(Instructions for the task) In the records below, find the line holding "Answer: Female How" and the line holding "Answer: Increases Which". Set down both, with every line between them, exactly.

(Study material)

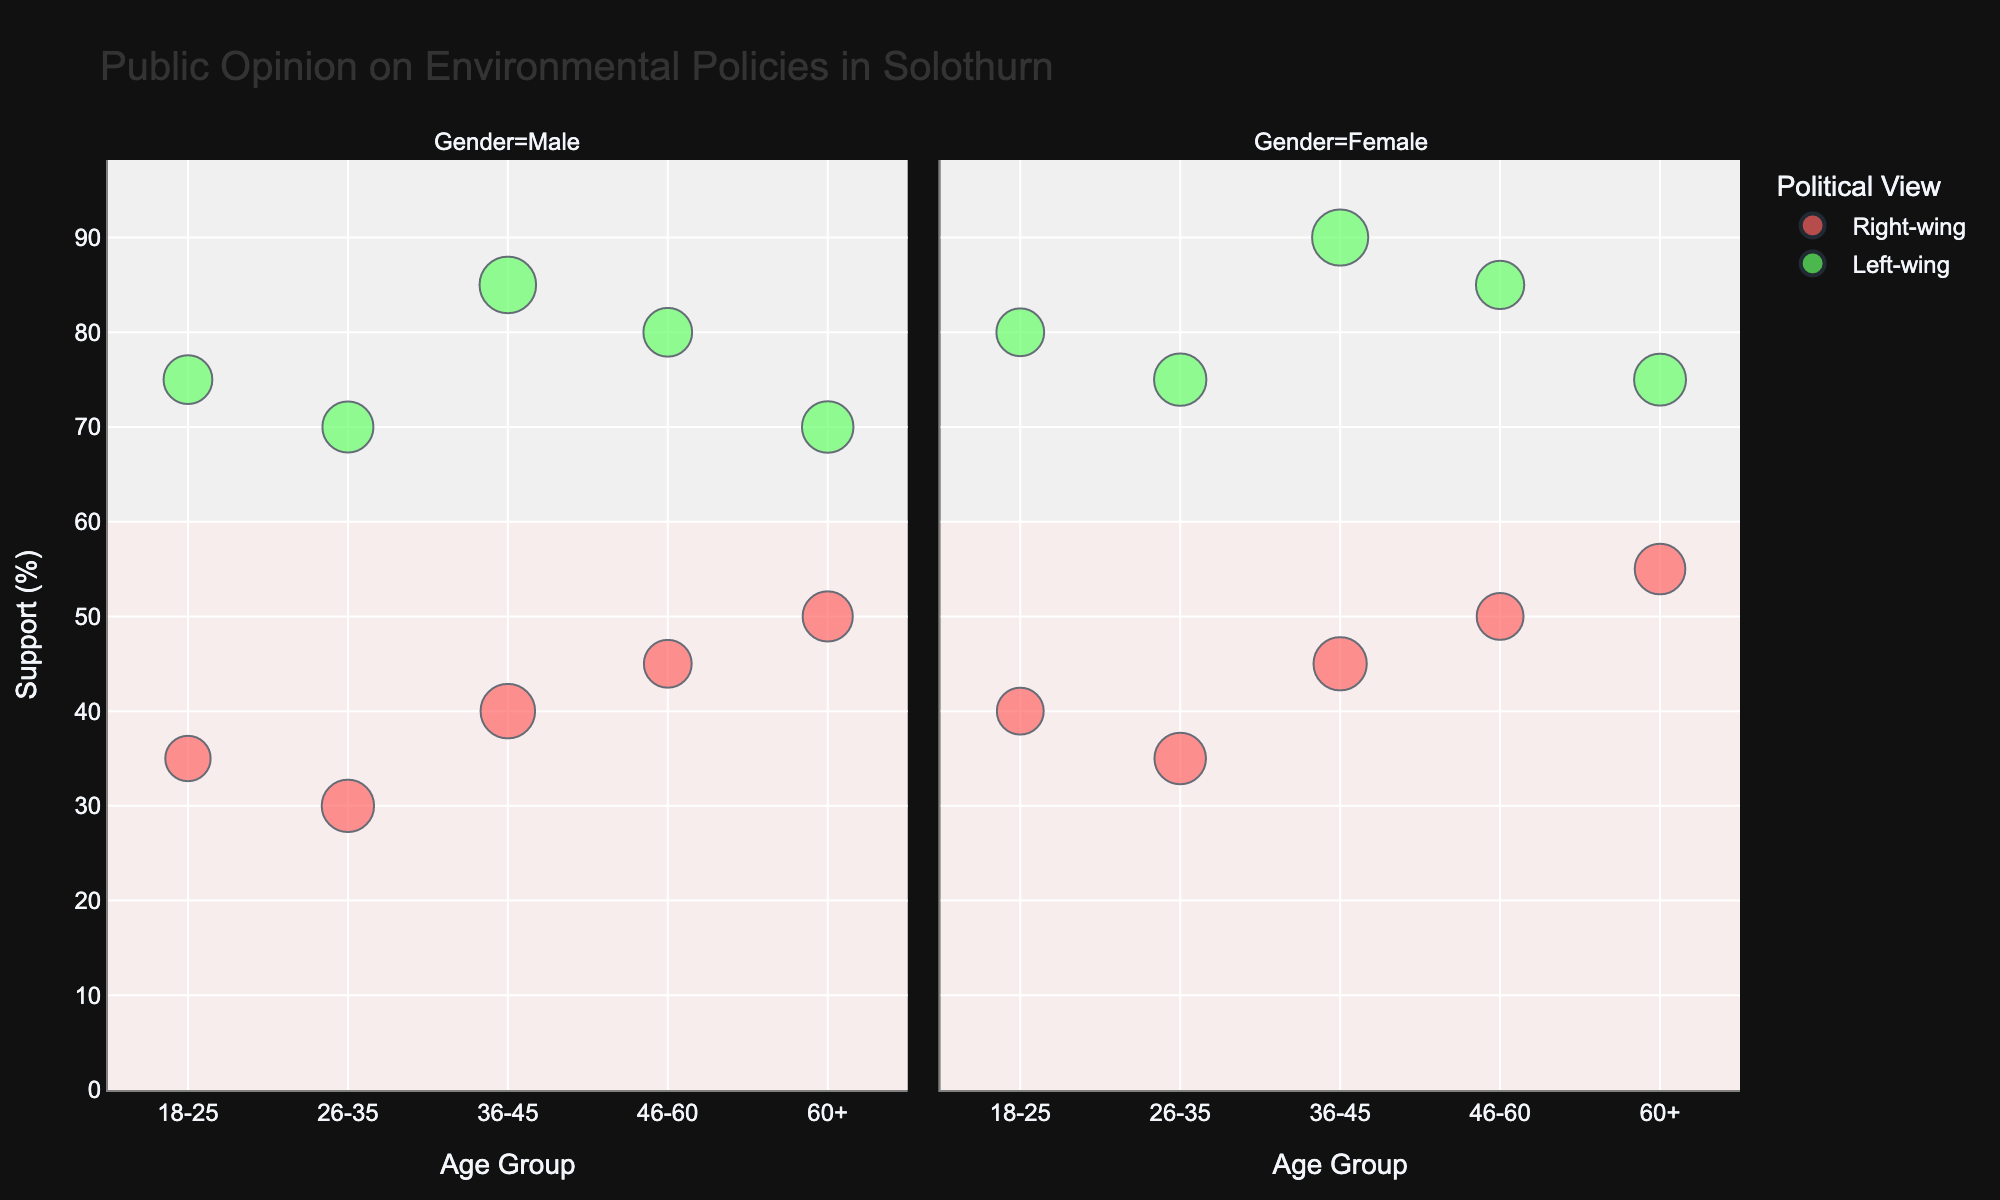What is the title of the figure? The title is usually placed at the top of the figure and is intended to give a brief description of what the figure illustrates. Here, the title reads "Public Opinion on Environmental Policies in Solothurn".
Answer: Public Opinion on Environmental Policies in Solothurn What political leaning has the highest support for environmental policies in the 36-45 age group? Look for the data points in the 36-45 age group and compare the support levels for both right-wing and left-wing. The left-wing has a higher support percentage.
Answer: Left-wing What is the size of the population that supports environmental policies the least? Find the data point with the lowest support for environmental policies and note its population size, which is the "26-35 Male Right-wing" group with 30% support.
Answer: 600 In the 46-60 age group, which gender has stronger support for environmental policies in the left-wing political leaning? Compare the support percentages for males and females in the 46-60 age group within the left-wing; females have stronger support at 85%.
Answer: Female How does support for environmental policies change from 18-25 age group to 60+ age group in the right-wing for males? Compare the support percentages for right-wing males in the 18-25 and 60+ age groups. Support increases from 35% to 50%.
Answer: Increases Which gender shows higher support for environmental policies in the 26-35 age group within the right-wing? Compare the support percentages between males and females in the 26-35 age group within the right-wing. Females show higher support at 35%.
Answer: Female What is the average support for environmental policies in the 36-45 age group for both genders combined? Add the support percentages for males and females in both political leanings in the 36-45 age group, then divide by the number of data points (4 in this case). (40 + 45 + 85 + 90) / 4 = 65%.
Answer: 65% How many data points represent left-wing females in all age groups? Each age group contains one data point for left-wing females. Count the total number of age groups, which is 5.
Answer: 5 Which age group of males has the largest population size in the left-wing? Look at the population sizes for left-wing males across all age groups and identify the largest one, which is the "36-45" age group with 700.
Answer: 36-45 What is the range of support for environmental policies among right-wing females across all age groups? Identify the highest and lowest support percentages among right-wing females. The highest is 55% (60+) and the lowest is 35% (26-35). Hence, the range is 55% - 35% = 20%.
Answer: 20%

...

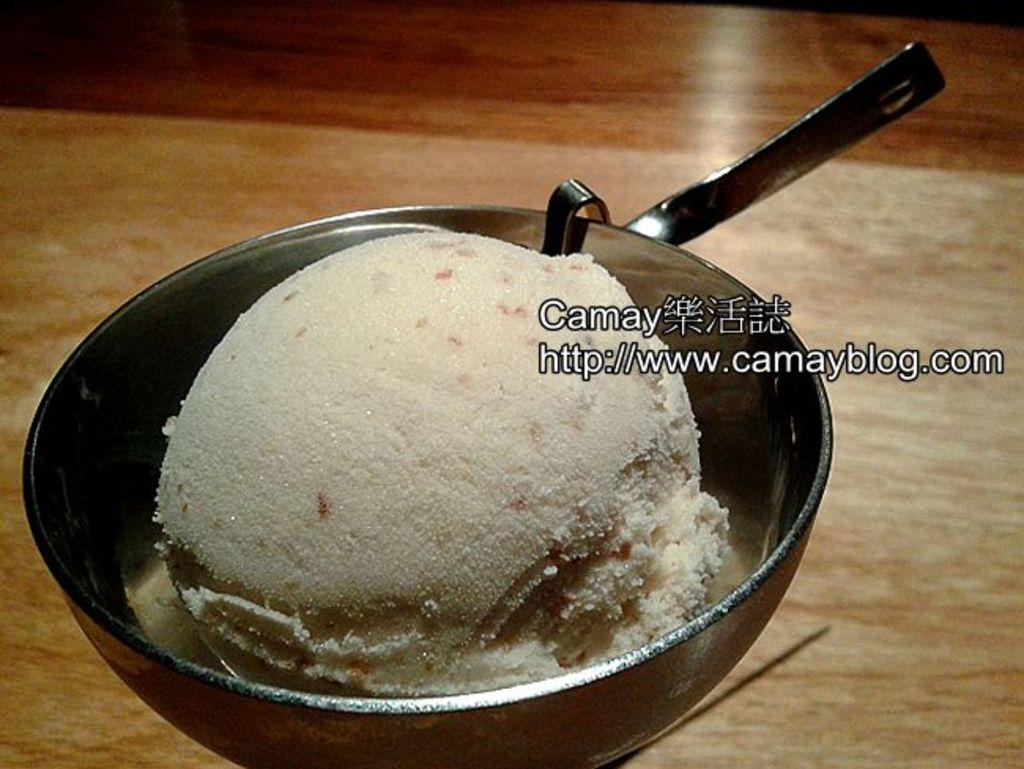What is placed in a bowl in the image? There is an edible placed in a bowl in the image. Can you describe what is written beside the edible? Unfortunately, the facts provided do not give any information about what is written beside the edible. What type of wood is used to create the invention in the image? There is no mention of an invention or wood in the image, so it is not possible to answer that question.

...

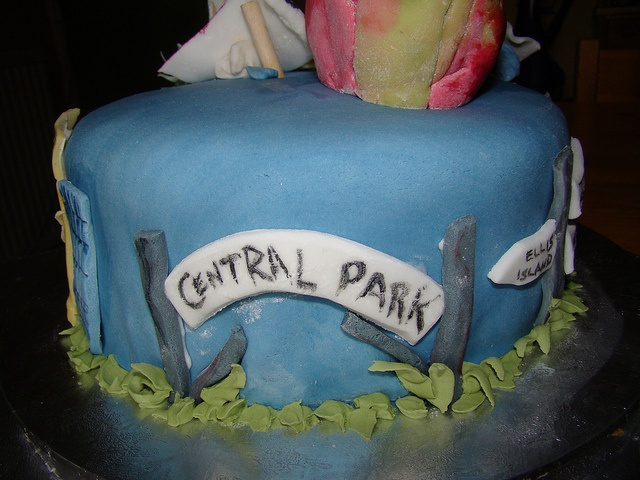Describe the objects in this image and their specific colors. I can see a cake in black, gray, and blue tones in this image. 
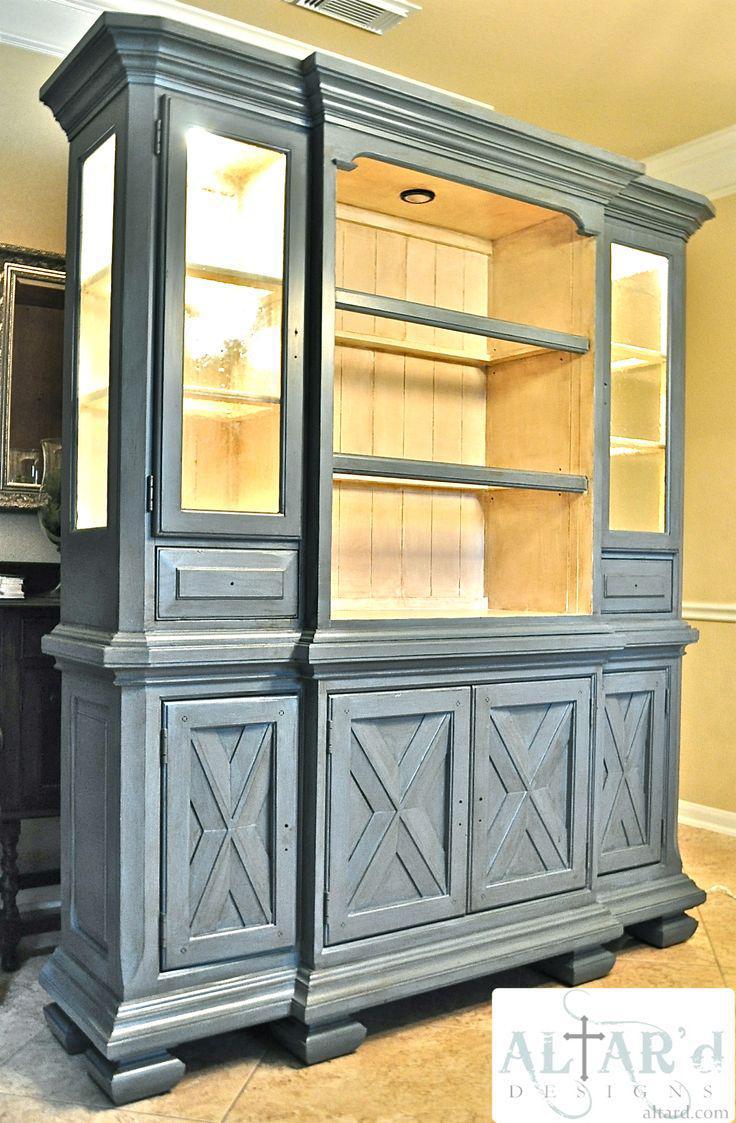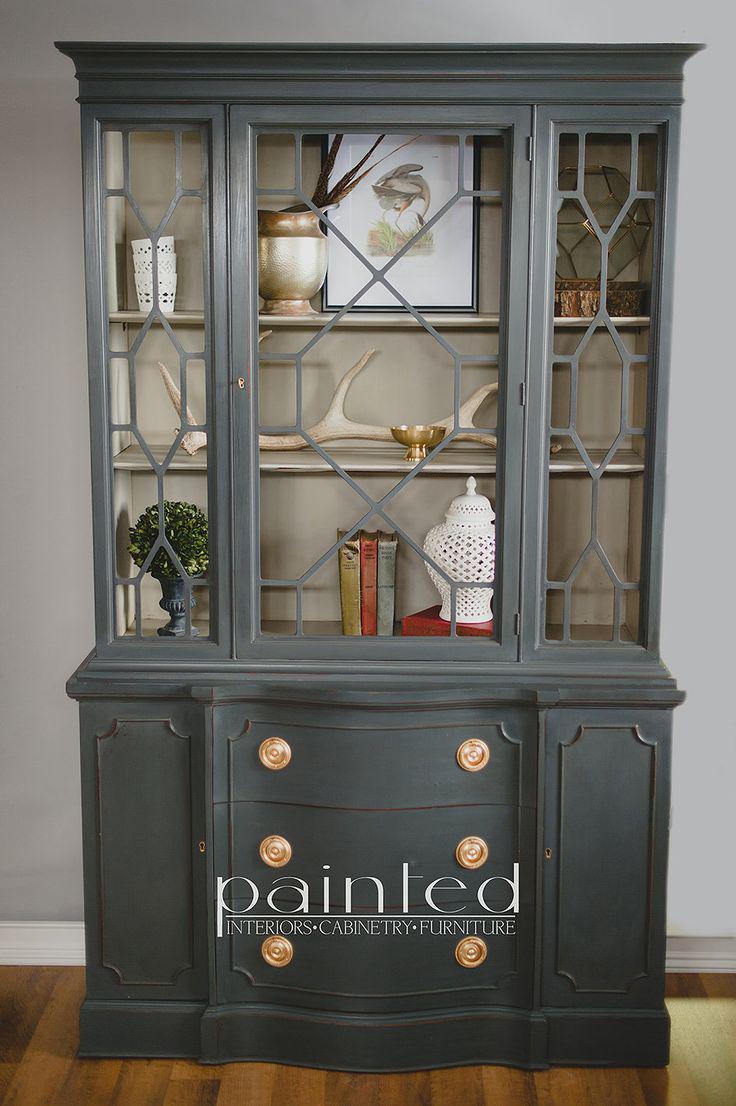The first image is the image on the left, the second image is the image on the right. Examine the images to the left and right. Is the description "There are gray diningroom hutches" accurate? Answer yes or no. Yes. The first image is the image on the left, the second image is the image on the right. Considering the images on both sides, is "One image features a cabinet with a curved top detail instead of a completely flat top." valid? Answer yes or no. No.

(Completed exercise)
Answer: Female How does support for environmental policies change from 18-25 age group to 60+ age group in the right-wing for males? Compare the support percentages for right-wing males in the 18-25 and 60+ age groups. Support increases from 35% to 50%.
Answer: Increases Which gender shows higher support for environmental policies in the 26-35 age group within the right-wing? Compare the support percentages between males and females in the 26-35 age group within the right-wing. Females show higher support at 35%.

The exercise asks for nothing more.